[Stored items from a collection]
○ ○ ○ ○ ○
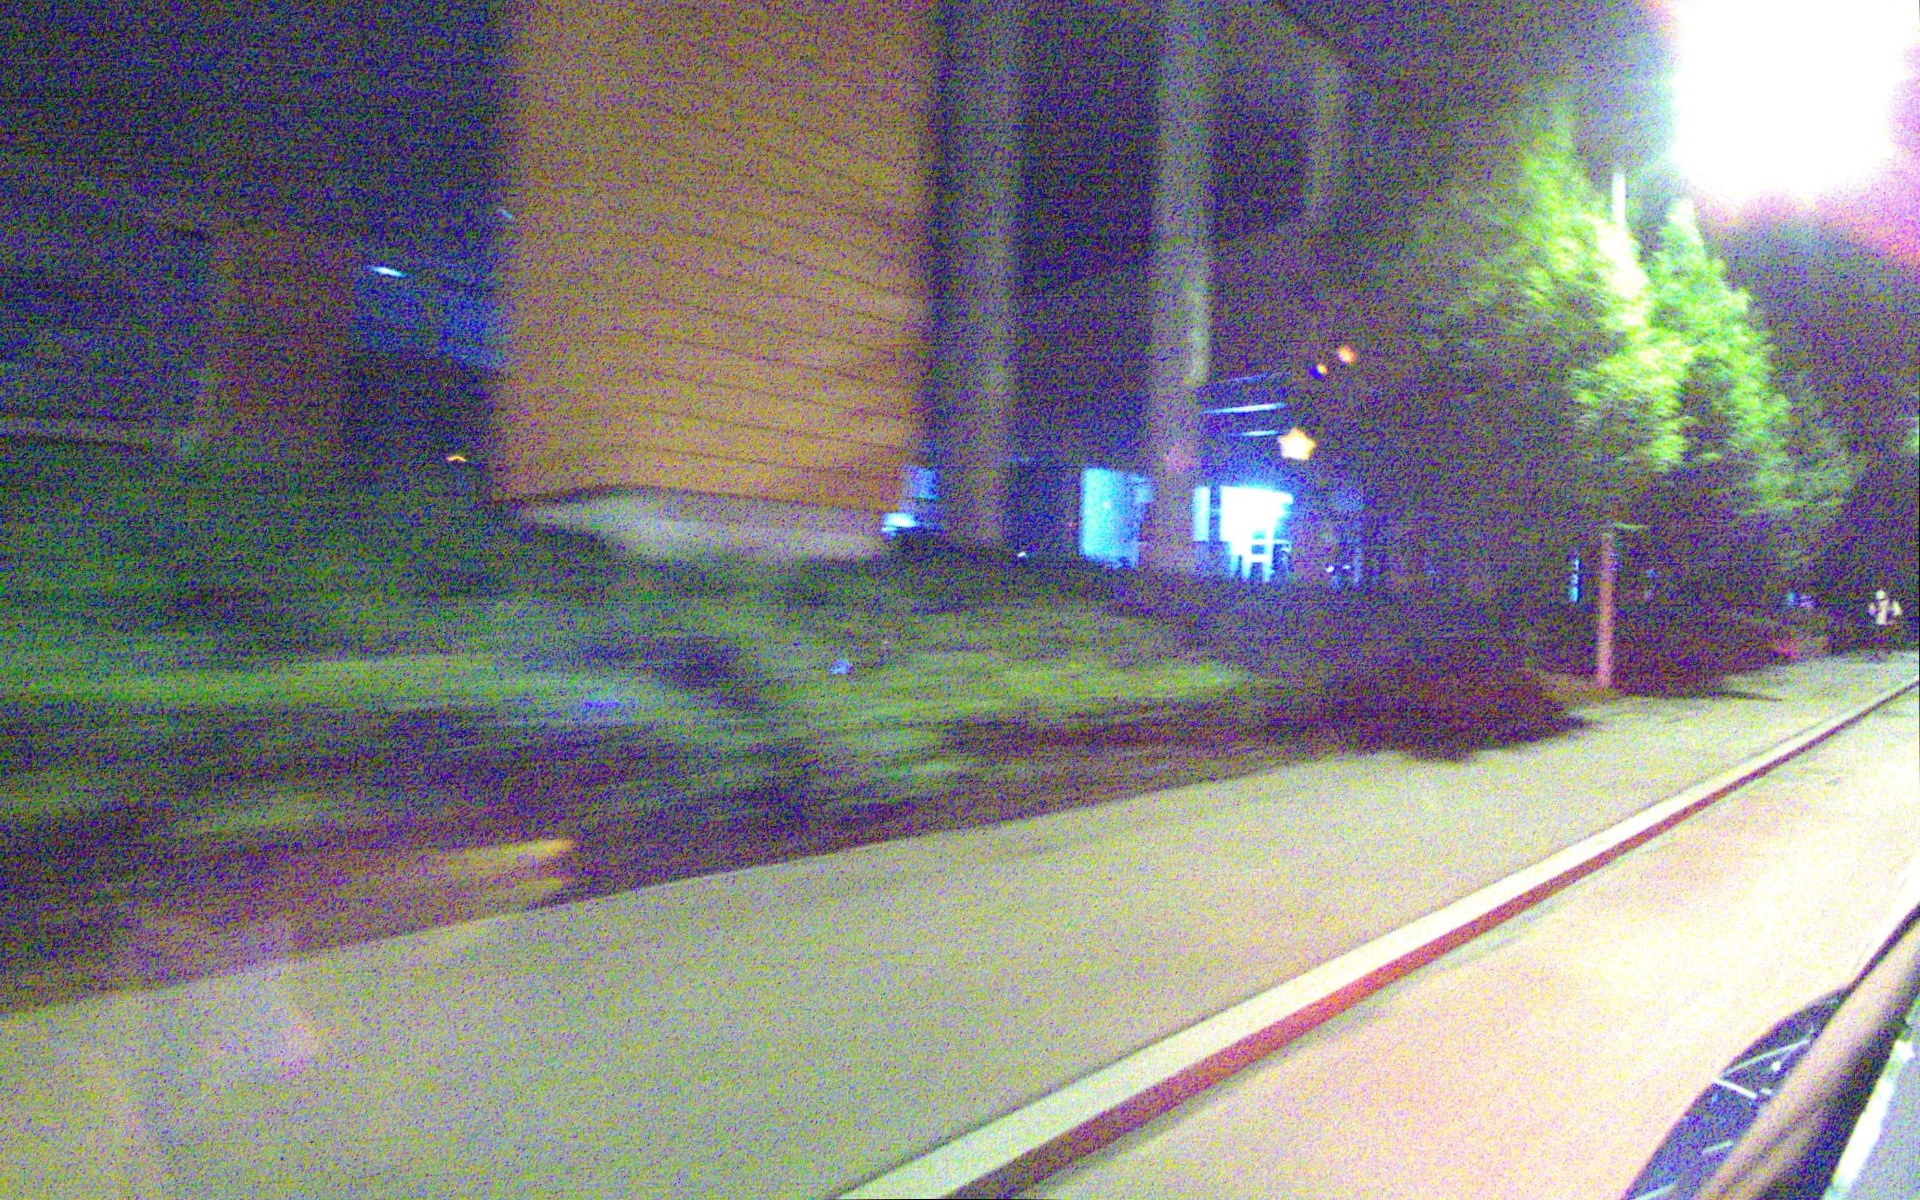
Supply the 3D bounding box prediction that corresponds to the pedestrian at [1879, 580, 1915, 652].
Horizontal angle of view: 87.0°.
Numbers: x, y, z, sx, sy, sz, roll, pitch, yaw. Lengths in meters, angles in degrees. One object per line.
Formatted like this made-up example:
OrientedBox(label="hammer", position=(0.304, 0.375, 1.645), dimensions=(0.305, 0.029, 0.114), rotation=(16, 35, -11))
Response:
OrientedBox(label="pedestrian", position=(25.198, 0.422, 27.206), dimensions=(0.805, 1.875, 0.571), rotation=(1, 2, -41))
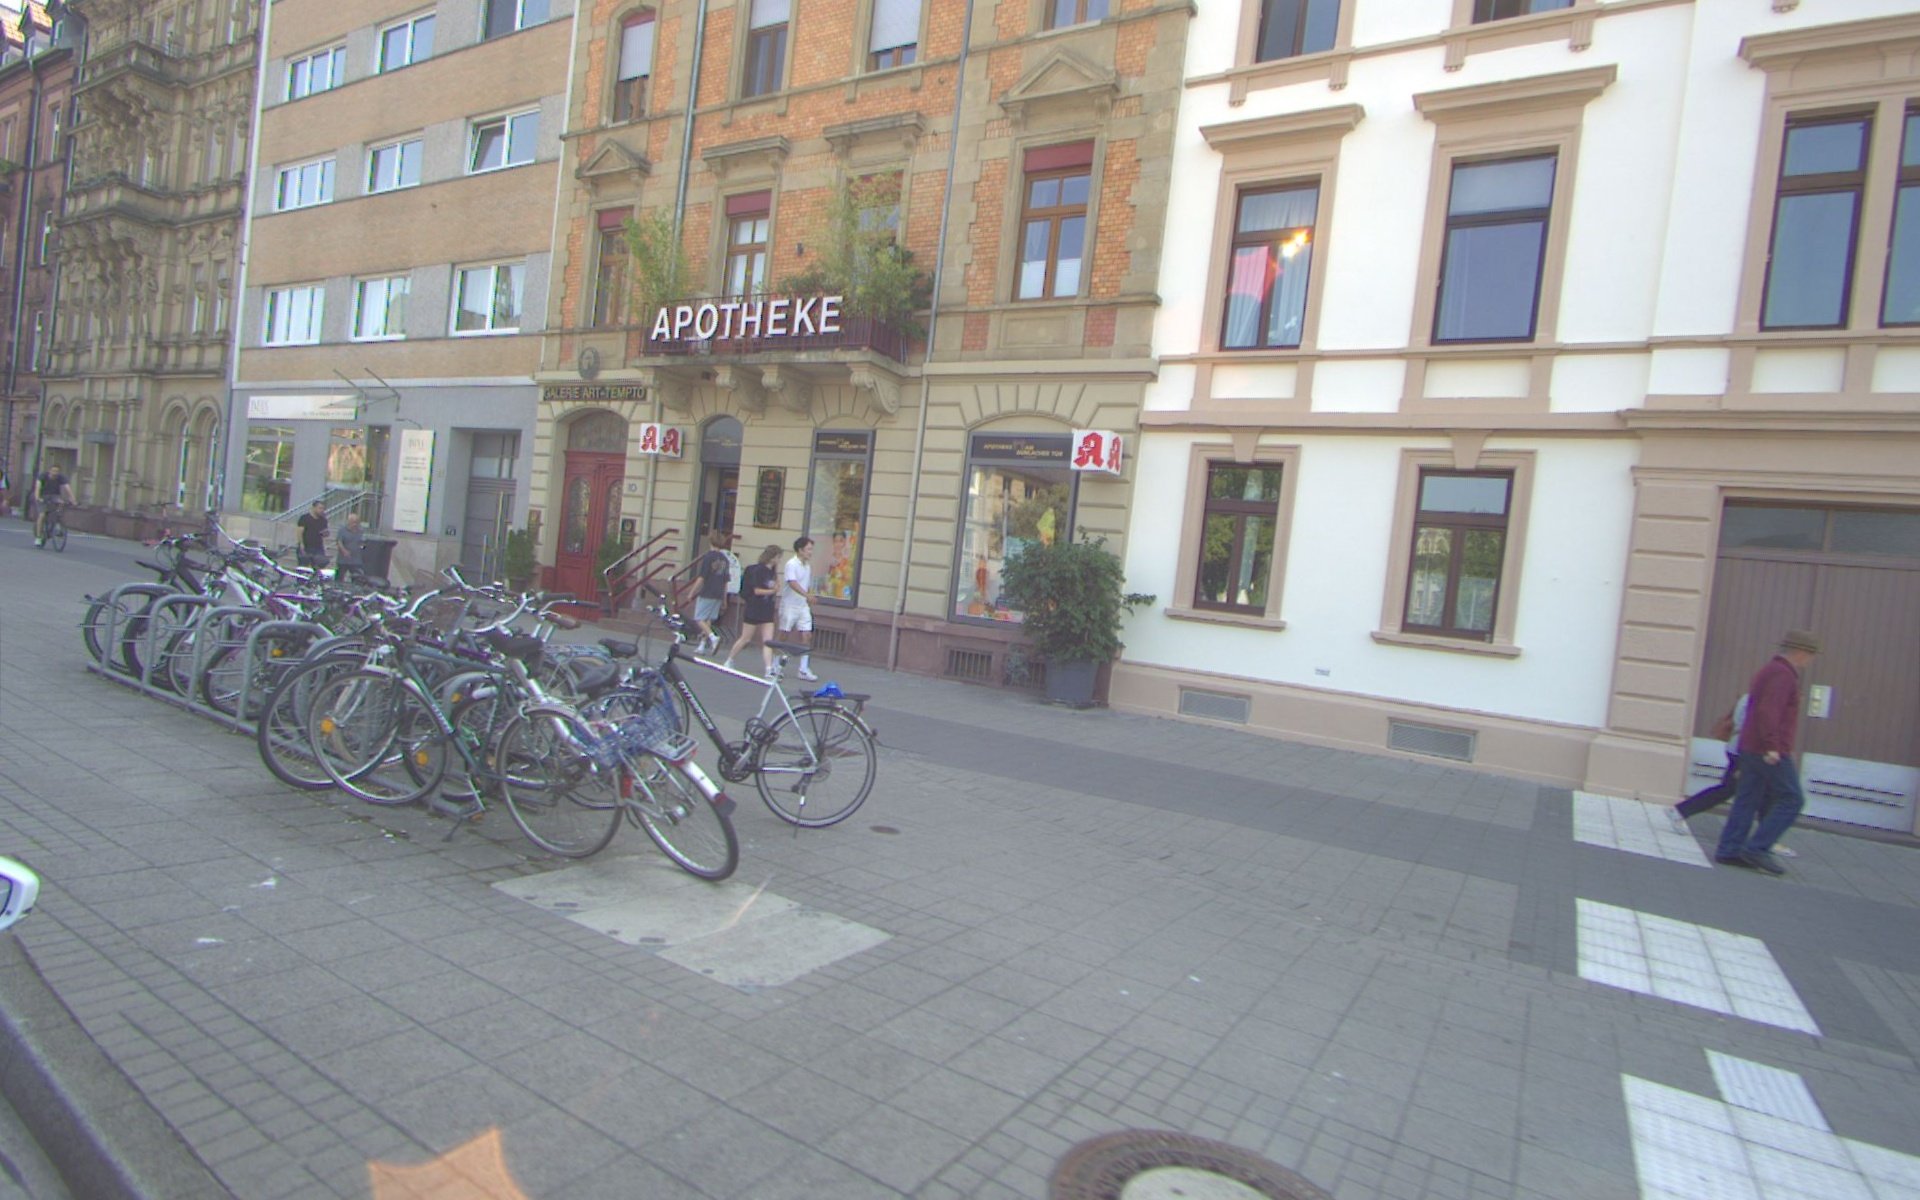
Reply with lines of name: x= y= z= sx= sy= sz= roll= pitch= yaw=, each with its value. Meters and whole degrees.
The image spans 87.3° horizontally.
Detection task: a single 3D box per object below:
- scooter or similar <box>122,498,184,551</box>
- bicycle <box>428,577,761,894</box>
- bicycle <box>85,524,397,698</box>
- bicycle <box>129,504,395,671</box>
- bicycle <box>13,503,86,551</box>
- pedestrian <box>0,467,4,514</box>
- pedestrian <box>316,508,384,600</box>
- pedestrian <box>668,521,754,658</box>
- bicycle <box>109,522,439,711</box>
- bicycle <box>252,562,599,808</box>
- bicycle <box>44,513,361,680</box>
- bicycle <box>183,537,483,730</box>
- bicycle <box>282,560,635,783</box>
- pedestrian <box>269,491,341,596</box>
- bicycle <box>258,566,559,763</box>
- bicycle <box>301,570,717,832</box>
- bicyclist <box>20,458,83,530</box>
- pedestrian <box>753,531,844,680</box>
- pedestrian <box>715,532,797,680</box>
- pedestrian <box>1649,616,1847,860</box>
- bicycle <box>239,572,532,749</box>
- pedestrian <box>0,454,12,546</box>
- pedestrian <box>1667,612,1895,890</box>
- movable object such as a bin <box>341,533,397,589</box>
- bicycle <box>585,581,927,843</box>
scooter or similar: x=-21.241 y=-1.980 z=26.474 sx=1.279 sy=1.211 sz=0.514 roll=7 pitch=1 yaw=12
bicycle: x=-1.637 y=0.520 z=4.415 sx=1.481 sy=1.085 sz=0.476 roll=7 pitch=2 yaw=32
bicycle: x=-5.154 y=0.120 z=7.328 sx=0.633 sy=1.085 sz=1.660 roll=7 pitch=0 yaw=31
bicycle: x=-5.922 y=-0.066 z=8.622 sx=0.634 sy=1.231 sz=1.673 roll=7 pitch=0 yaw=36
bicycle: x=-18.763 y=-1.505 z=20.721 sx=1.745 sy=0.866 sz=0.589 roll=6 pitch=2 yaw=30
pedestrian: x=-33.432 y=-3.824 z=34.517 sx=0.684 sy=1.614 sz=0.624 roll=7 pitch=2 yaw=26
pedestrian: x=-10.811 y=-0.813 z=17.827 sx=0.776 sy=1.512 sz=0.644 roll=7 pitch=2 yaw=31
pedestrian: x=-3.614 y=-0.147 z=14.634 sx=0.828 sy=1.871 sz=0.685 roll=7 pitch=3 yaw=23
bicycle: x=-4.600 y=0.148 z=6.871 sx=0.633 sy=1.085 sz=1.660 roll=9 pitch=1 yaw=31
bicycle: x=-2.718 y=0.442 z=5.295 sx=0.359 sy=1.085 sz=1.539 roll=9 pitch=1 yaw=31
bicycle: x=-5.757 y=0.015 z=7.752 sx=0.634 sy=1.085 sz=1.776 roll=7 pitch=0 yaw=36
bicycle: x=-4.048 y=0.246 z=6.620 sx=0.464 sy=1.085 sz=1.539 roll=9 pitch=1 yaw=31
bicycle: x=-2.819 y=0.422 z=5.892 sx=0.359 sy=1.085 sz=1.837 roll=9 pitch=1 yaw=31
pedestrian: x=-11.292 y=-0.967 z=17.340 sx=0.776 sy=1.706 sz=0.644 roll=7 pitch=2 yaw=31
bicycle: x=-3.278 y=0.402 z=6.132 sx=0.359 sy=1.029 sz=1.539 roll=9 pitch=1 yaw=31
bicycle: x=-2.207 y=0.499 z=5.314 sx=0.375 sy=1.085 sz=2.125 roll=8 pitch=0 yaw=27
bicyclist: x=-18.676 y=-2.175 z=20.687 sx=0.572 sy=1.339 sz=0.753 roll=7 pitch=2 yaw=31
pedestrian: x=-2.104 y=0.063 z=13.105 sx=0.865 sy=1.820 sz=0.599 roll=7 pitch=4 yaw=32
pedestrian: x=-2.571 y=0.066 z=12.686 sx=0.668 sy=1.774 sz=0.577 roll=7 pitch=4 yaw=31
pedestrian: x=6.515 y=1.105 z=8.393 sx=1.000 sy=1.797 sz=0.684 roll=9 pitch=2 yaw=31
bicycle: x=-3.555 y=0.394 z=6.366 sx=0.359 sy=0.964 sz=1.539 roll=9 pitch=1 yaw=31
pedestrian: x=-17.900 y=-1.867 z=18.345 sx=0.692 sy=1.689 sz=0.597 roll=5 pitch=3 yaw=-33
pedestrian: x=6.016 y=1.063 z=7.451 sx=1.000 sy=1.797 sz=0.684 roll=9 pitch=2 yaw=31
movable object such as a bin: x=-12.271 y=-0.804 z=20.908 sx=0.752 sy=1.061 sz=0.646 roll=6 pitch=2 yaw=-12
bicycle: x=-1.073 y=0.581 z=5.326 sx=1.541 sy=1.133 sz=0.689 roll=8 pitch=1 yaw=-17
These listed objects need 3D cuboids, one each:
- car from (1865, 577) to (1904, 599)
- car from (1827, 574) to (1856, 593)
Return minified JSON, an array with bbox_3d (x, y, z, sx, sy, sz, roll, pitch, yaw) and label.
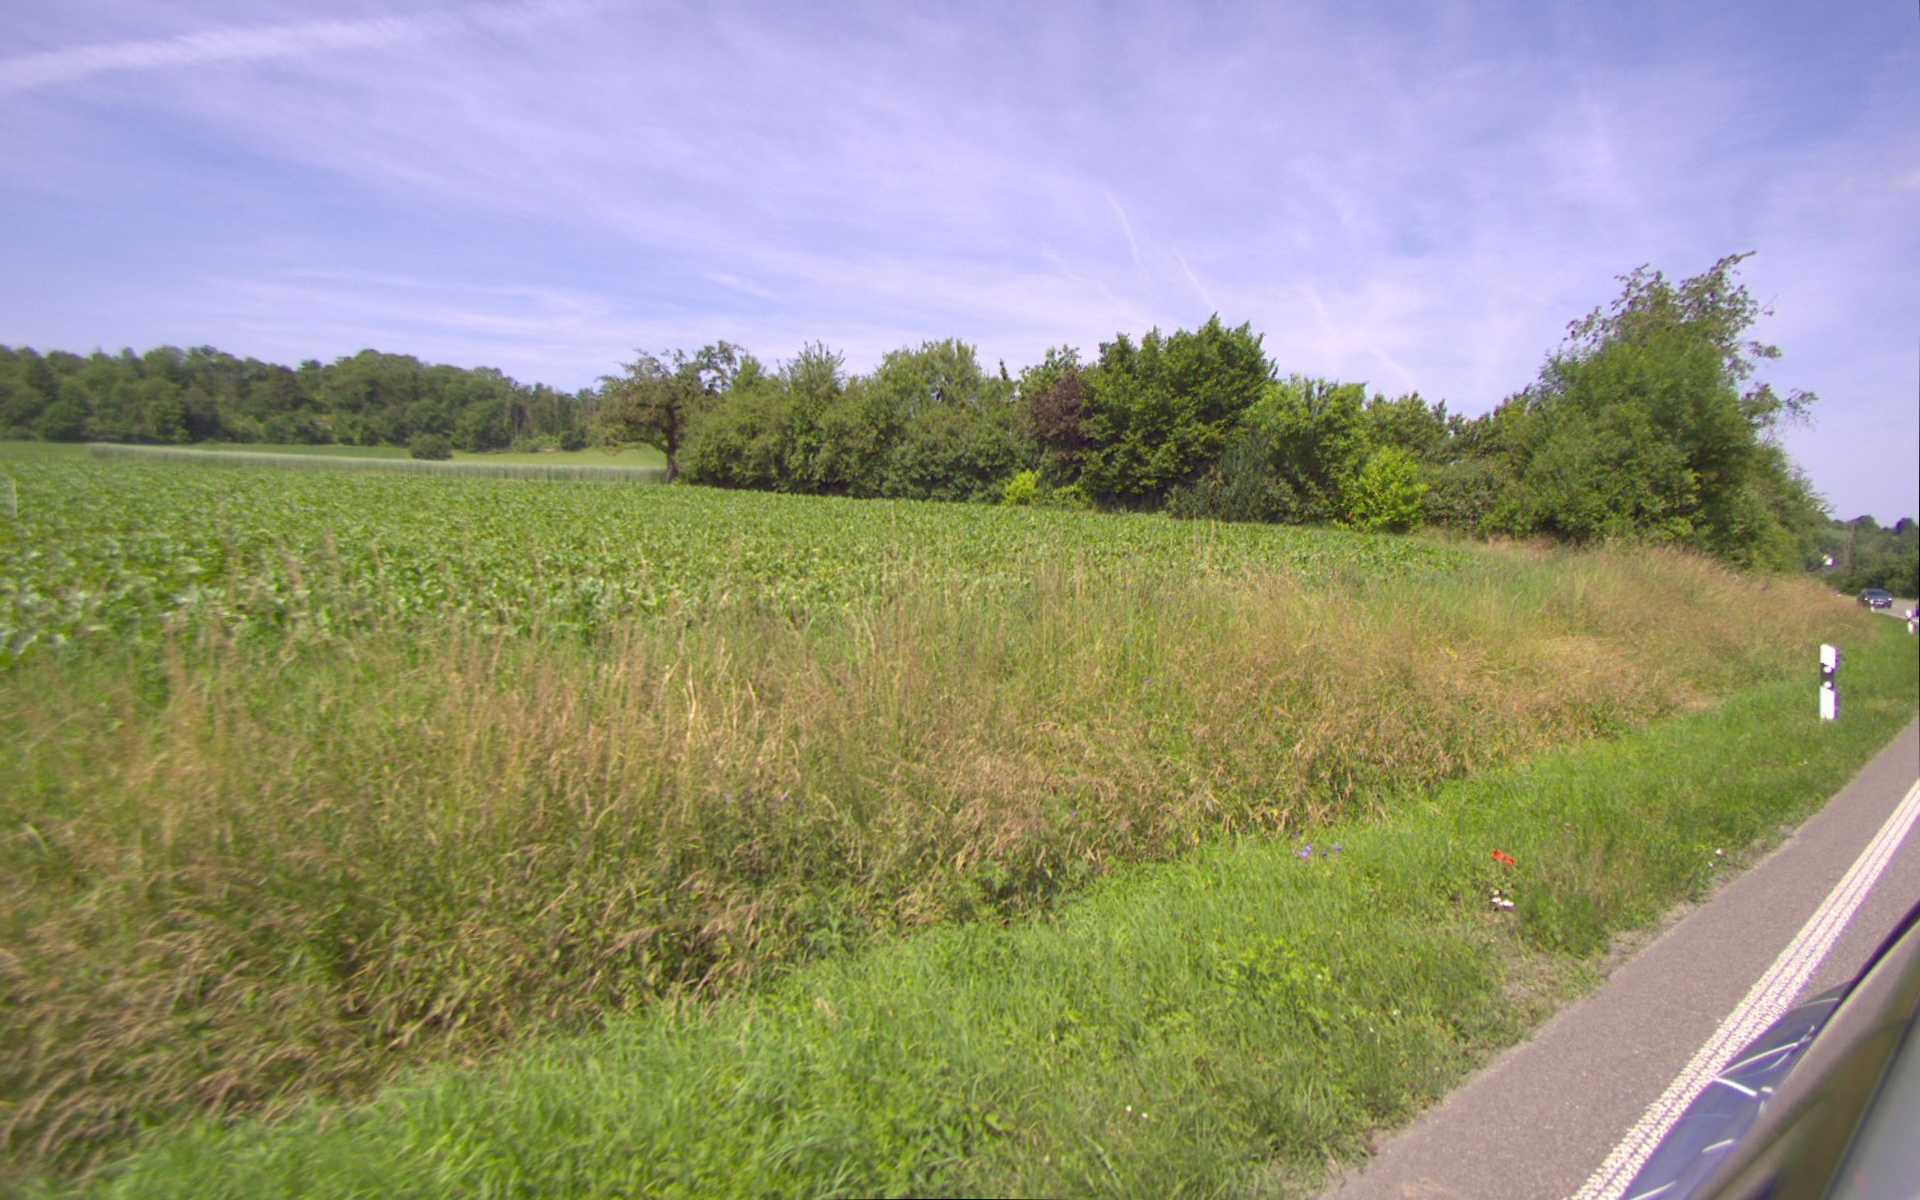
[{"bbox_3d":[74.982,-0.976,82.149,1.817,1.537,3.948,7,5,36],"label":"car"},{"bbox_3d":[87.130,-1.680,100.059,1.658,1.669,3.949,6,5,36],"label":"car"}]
○ ○ ○ ○ ○
- TO DO -
Although the records above contain pictures, the copy must not; set down exactly the lines from the one with "Horizontal angle of view: 87.0°." up to and including the one with "- bicycle <box>85,524,397,698</box>".

- RESPONSE -
Horizontal angle of view: 87.0°.
Numbers: x, y, z, sx, sy, sz, roll, pitch, yaw. Lengths in meters, angles in degrees. One object per line.
Formatted like this made-up example:
OrientedBox(label="hammer", position=(0.304, 0.375, 1.645), dimensions=(0.305, 0.029, 0.114), rotation=(16, 35, -11))
Response:
OrientedBox(label="pedestrian", position=(25.198, 0.422, 27.206), dimensions=(0.805, 1.875, 0.571), rotation=(1, 2, -41))
Reply with lines of name: x= y= z= sx= sy= sz= roll= pitch= yaw=, each with its value. Meters and whole degrees.
The image spans 87.3° horizontally.
Detection task: a single 3D box per object below:
- scooter or similar <box>122,498,184,551</box>
- bicycle <box>428,577,761,894</box>
- bicycle <box>85,524,397,698</box>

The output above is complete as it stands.